WHAT TO WORK ON —
When you respond, restate each record exactly as it is given.

ENTRIES SHOWN START

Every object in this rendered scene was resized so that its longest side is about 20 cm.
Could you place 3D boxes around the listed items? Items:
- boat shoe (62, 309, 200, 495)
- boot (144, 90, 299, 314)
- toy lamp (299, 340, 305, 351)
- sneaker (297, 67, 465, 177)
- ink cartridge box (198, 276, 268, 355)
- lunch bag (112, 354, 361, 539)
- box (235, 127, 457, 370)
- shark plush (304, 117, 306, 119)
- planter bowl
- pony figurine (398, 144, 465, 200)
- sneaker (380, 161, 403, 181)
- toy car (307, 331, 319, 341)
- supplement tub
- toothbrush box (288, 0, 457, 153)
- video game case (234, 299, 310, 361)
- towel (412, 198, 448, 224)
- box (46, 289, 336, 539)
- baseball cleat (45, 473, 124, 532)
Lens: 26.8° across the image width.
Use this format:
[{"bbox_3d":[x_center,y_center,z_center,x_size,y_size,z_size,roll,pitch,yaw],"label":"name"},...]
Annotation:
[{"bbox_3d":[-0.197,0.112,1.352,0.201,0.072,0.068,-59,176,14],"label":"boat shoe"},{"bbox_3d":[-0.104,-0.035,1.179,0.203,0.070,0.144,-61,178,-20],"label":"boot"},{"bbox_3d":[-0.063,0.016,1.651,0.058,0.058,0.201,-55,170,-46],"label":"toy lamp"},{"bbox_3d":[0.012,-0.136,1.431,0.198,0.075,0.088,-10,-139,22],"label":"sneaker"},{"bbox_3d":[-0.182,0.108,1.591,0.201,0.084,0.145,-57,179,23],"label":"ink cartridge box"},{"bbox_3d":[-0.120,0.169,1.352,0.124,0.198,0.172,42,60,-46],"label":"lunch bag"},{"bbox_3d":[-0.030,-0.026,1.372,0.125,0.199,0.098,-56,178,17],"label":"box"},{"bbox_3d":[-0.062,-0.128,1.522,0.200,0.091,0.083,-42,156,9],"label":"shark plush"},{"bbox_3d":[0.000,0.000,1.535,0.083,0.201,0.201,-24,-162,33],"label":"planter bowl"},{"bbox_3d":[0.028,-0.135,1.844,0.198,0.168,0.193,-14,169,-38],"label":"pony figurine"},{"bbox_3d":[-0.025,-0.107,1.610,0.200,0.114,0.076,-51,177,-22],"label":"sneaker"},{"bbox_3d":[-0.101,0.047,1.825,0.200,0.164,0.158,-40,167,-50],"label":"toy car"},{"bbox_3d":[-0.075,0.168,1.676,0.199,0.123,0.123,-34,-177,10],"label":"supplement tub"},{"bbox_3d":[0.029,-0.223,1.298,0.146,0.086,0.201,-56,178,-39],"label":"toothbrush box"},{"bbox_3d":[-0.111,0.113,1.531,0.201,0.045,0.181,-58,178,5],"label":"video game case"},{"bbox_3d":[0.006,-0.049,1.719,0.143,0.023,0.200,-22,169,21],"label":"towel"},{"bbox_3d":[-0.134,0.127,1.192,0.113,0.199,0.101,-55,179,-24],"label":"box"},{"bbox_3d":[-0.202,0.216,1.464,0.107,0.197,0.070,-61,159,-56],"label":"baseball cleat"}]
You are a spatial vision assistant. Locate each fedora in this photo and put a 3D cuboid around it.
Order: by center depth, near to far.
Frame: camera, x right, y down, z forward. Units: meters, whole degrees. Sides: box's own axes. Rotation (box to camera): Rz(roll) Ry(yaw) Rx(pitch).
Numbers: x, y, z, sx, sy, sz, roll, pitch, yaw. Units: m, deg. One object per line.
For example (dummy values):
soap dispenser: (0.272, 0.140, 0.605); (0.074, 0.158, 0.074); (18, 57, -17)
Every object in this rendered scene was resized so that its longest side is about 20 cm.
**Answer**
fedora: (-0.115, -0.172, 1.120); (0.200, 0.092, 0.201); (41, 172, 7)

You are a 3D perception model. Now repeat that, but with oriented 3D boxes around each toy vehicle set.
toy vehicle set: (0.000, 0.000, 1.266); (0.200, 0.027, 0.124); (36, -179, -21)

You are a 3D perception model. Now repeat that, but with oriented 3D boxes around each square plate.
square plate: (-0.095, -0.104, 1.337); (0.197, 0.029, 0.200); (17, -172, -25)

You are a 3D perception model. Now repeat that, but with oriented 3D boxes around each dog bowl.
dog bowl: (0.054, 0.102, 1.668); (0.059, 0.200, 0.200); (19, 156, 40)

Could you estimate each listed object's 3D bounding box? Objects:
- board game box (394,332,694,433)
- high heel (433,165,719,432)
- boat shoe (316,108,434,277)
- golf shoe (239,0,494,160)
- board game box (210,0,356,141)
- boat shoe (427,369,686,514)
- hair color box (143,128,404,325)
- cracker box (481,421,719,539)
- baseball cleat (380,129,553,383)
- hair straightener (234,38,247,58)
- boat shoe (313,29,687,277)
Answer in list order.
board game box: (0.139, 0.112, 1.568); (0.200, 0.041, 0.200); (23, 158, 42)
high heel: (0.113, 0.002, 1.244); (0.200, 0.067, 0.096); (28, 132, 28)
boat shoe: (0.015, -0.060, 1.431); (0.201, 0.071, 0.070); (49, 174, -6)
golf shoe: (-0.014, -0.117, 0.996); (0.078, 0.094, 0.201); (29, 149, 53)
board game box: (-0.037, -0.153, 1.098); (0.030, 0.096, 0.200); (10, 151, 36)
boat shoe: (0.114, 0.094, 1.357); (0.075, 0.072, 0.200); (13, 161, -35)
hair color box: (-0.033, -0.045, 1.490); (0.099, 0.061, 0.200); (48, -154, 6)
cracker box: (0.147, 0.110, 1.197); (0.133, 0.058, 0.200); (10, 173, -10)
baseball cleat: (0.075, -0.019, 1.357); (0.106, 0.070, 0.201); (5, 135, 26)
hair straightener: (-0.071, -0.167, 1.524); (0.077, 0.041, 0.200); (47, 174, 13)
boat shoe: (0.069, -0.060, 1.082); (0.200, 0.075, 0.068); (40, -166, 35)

ENTRIES SHOWN END

WRITTEN SOLUTION —
Every object in this rendered scene was resized so that its longest side is about 20 cm.
Could you place 3D boxes around the listed items? Items:
- boat shoe (62, 309, 200, 495)
- boot (144, 90, 299, 314)
- toy lamp (299, 340, 305, 351)
- sneaker (297, 67, 465, 177)
- ink cartridge box (198, 276, 268, 355)
- lunch bag (112, 354, 361, 539)
- box (235, 127, 457, 370)
- shark plush (304, 117, 306, 119)
- planter bowl
- pony figurine (398, 144, 465, 200)
- sneaker (380, 161, 403, 181)
- toy car (307, 331, 319, 341)
- supplement tub
- toothbrush box (288, 0, 457, 153)
- video game case (234, 299, 310, 361)
- towel (412, 198, 448, 224)
- box (46, 289, 336, 539)
- baseball cleat (45, 473, 124, 532)
Lens: 26.8° across the image width.
Use this format:
[{"bbox_3d":[x_center,y_center,z_center,x_size,y_size,z_size,roll,pitch,yaw],"label":"name"},...]
Annotation:
[{"bbox_3d":[-0.197,0.112,1.352,0.201,0.072,0.068,-59,176,14],"label":"boat shoe"},{"bbox_3d":[-0.104,-0.035,1.179,0.203,0.070,0.144,-61,178,-20],"label":"boot"},{"bbox_3d":[-0.063,0.016,1.651,0.058,0.058,0.201,-55,170,-46],"label":"toy lamp"},{"bbox_3d":[0.012,-0.136,1.431,0.198,0.075,0.088,-10,-139,22],"label":"sneaker"},{"bbox_3d":[-0.182,0.108,1.591,0.201,0.084,0.145,-57,179,23],"label":"ink cartridge box"},{"bbox_3d":[-0.120,0.169,1.352,0.124,0.198,0.172,42,60,-46],"label":"lunch bag"},{"bbox_3d":[-0.030,-0.026,1.372,0.125,0.199,0.098,-56,178,17],"label":"box"},{"bbox_3d":[-0.062,-0.128,1.522,0.200,0.091,0.083,-42,156,9],"label":"shark plush"},{"bbox_3d":[0.000,0.000,1.535,0.083,0.201,0.201,-24,-162,33],"label":"planter bowl"},{"bbox_3d":[0.028,-0.135,1.844,0.198,0.168,0.193,-14,169,-38],"label":"pony figurine"},{"bbox_3d":[-0.025,-0.107,1.610,0.200,0.114,0.076,-51,177,-22],"label":"sneaker"},{"bbox_3d":[-0.101,0.047,1.825,0.200,0.164,0.158,-40,167,-50],"label":"toy car"},{"bbox_3d":[-0.075,0.168,1.676,0.199,0.123,0.123,-34,-177,10],"label":"supplement tub"},{"bbox_3d":[0.029,-0.223,1.298,0.146,0.086,0.201,-56,178,-39],"label":"toothbrush box"},{"bbox_3d":[-0.111,0.113,1.531,0.201,0.045,0.181,-58,178,5],"label":"video game case"},{"bbox_3d":[0.006,-0.049,1.719,0.143,0.023,0.200,-22,169,21],"label":"towel"},{"bbox_3d":[-0.134,0.127,1.192,0.113,0.199,0.101,-55,179,-24],"label":"box"},{"bbox_3d":[-0.202,0.216,1.464,0.107,0.197,0.070,-61,159,-56],"label":"baseball cleat"}]
You are a spatial vision assistant. Locate each fedora in this photo and put a 3D cuboid around it.
Order: by center depth, near to far.
Frame: camera, x right, y down, z forward. Units: meters, whole degrees. Sides: box's own axes. Rotation (box to camera): Rz(roll) Ry(yaw) Rx(pitch).
Numbers: x, y, z, sx, sy, sz, roll, pitch, yaw. Units: m, deg. One object per line.
For example (dummy values):
soap dispenser: (0.272, 0.140, 0.605); (0.074, 0.158, 0.074); (18, 57, -17)
Every object in this rendered scene was resized so that its longest side is about 20 cm.
**Answer**
fedora: (-0.115, -0.172, 1.120); (0.200, 0.092, 0.201); (41, 172, 7)

You are a 3D perception model. Now repeat that, but with oriented 3D boxes around each toy vehicle set.
toy vehicle set: (0.000, 0.000, 1.266); (0.200, 0.027, 0.124); (36, -179, -21)

You are a 3D perception model. Now repeat that, but with oriented 3D boxes around each square plate.
square plate: (-0.095, -0.104, 1.337); (0.197, 0.029, 0.200); (17, -172, -25)

You are a 3D perception model. Now repeat that, but with oriented 3D boxes around each dog bowl.
dog bowl: (0.054, 0.102, 1.668); (0.059, 0.200, 0.200); (19, 156, 40)

Could you estimate each listed object's 3D bounding box? Objects:
- board game box (394,332,694,433)
- high heel (433,165,719,432)
- boat shoe (316,108,434,277)
- golf shoe (239,0,494,160)
- board game box (210,0,356,141)
- boat shoe (427,369,686,514)
- hair color box (143,128,404,325)
- cracker box (481,421,719,539)
- baseball cleat (380,129,553,383)
- hair straightener (234,38,247,58)
- boat shoe (313,29,687,277)
Answer in list order.
board game box: (0.139, 0.112, 1.568); (0.200, 0.041, 0.200); (23, 158, 42)
high heel: (0.113, 0.002, 1.244); (0.200, 0.067, 0.096); (28, 132, 28)
boat shoe: (0.015, -0.060, 1.431); (0.201, 0.071, 0.070); (49, 174, -6)
golf shoe: (-0.014, -0.117, 0.996); (0.078, 0.094, 0.201); (29, 149, 53)
board game box: (-0.037, -0.153, 1.098); (0.030, 0.096, 0.200); (10, 151, 36)
boat shoe: (0.114, 0.094, 1.357); (0.075, 0.072, 0.200); (13, 161, -35)
hair color box: (-0.033, -0.045, 1.490); (0.099, 0.061, 0.200); (48, -154, 6)
cracker box: (0.147, 0.110, 1.197); (0.133, 0.058, 0.200); (10, 173, -10)
baseball cleat: (0.075, -0.019, 1.357); (0.106, 0.070, 0.201); (5, 135, 26)
hair straightener: (-0.071, -0.167, 1.524); (0.077, 0.041, 0.200); (47, 174, 13)
boat shoe: (0.069, -0.060, 1.082); (0.200, 0.075, 0.068); (40, -166, 35)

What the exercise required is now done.